YOUR GOAL — Repeat the records word for word, excluding any picture.

SOURCE DATA —
>>>>>

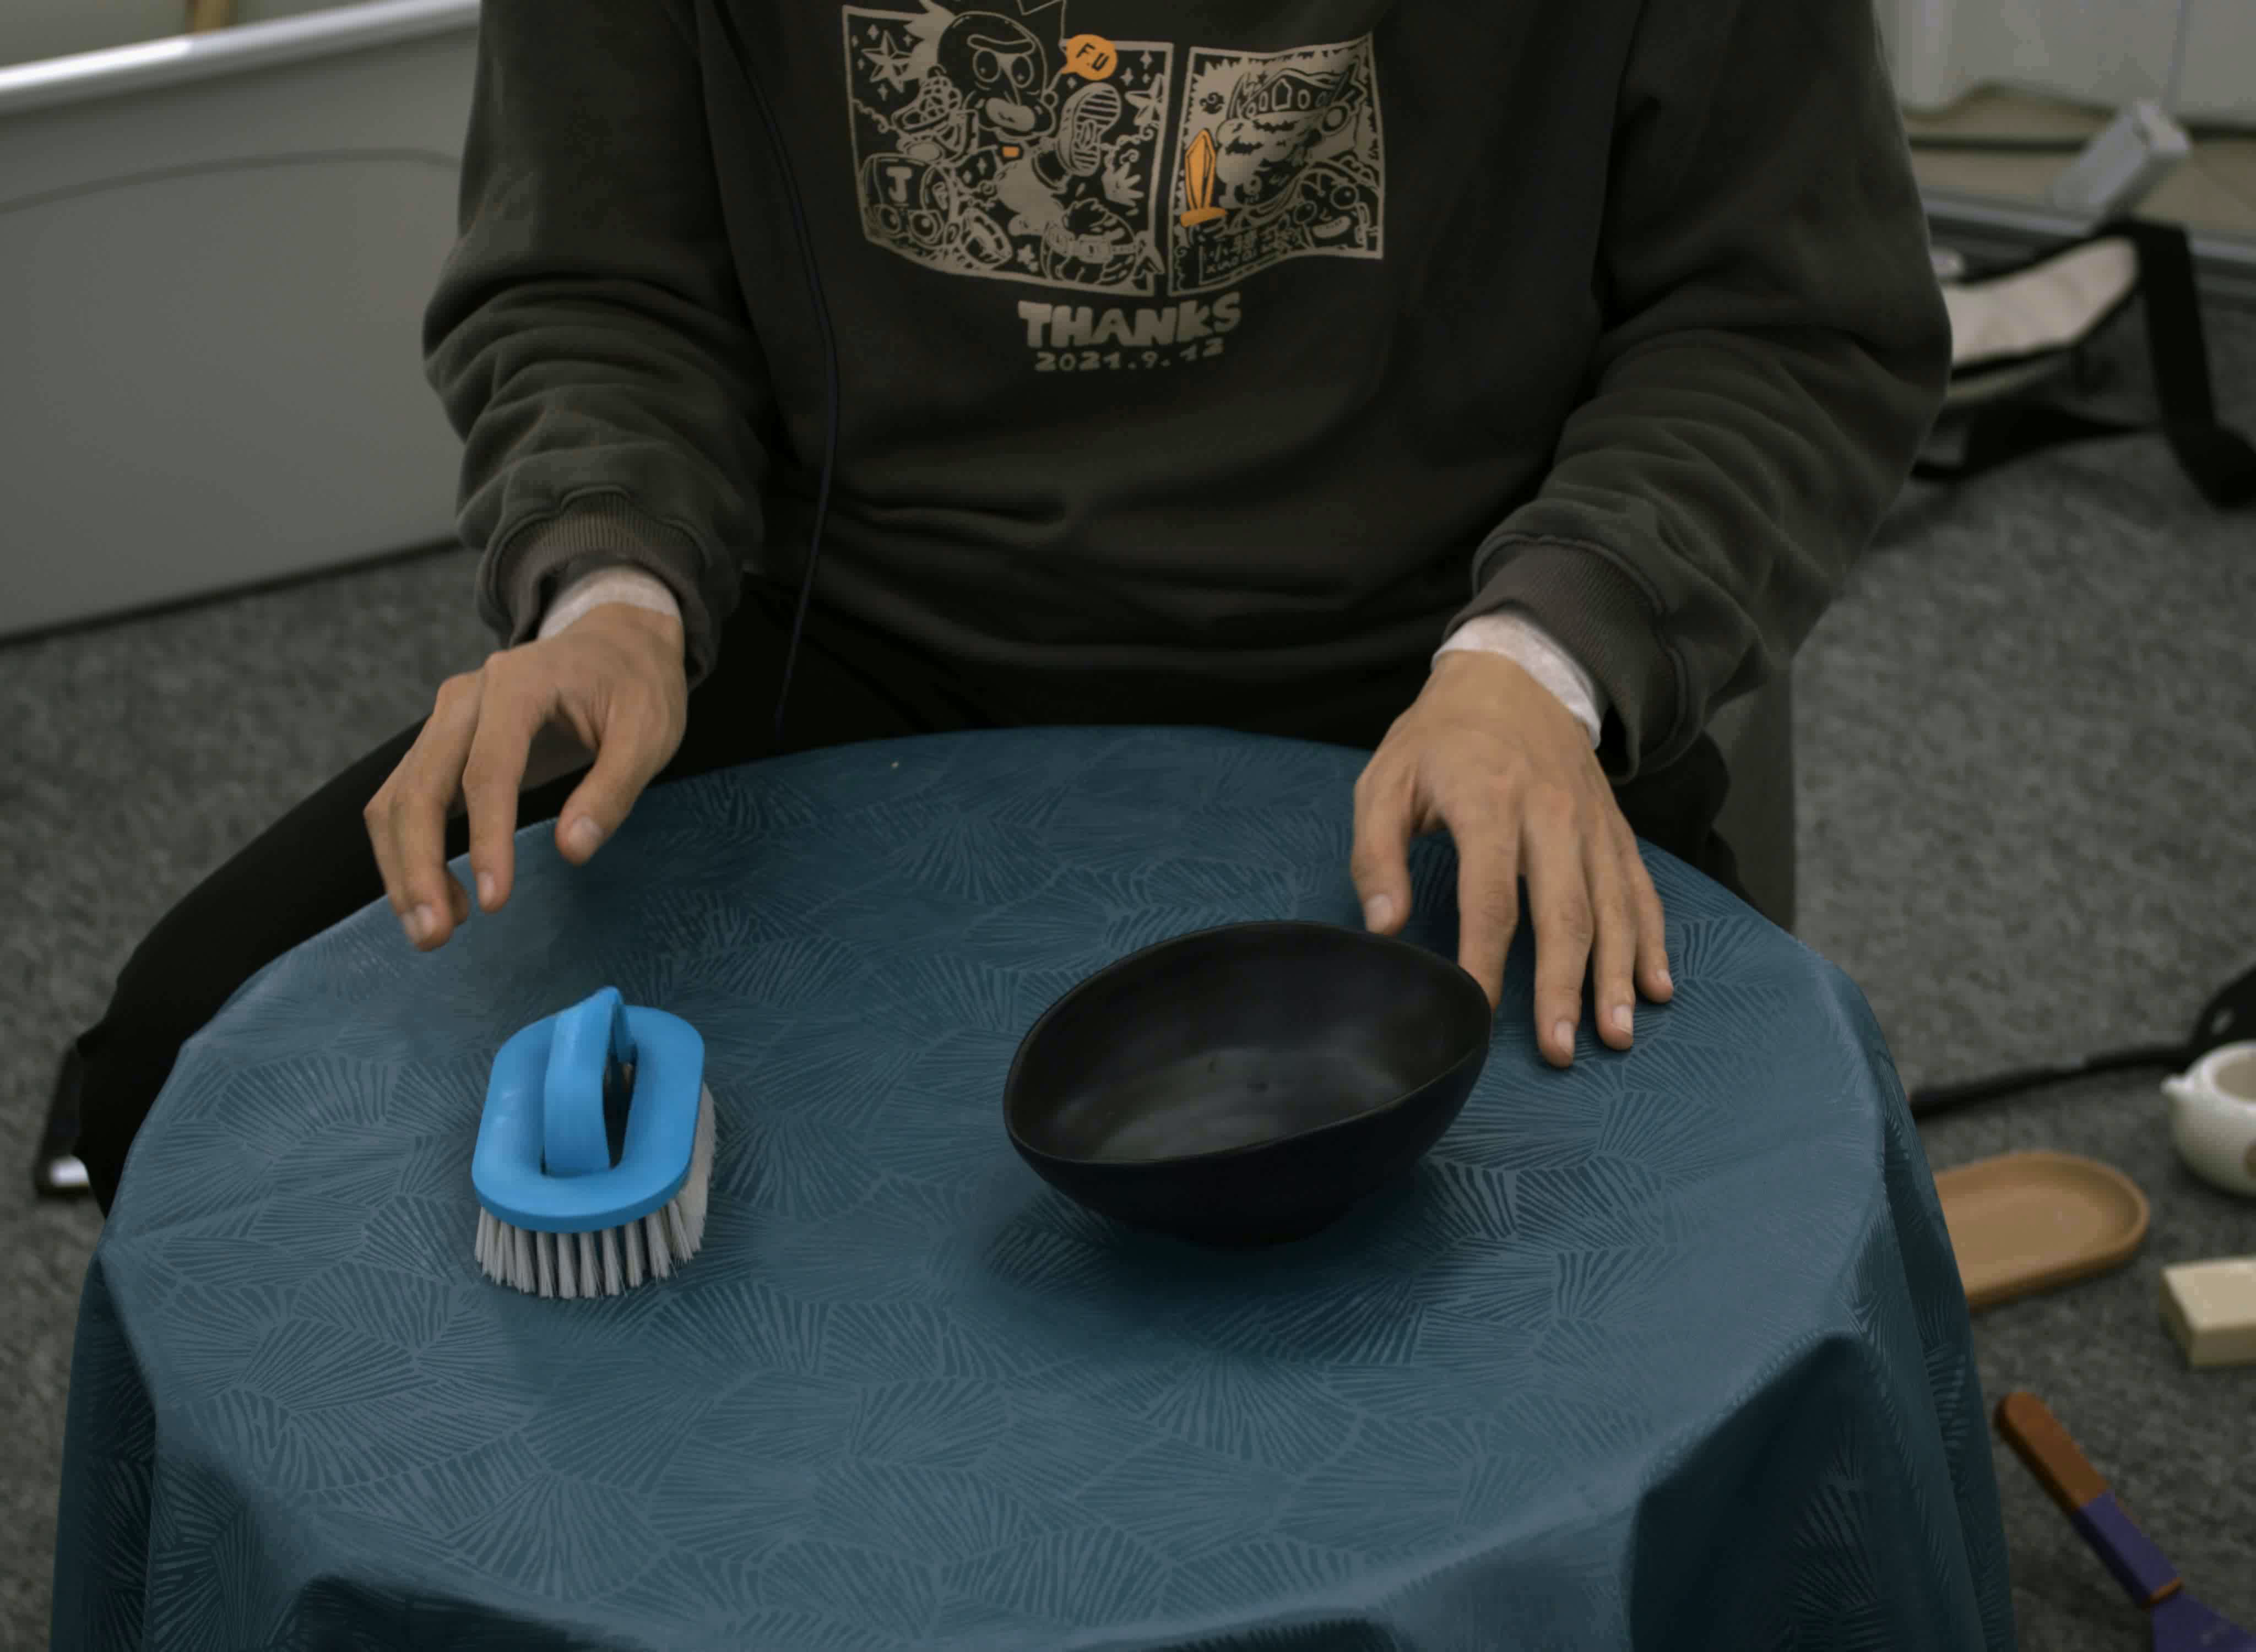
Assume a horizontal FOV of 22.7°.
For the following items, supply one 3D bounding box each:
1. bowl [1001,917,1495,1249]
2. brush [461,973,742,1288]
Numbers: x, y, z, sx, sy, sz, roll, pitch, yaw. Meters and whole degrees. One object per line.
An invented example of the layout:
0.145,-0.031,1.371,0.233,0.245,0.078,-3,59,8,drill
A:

<<<<<

TASK OUTPUT —
Assume a horizontal FOV of 22.7°.
For the following items, supply one 3D bounding box each:
1. bowl [1001,917,1495,1249]
2. brush [461,973,742,1288]
Numbers: x, y, z, sx, sy, sz, roll, pitch, yaw. Meters and whole degrees. One object per line.
An invented example of the layout:
0.145,-0.031,1.371,0.233,0.245,0.078,-3,59,8,drill
A:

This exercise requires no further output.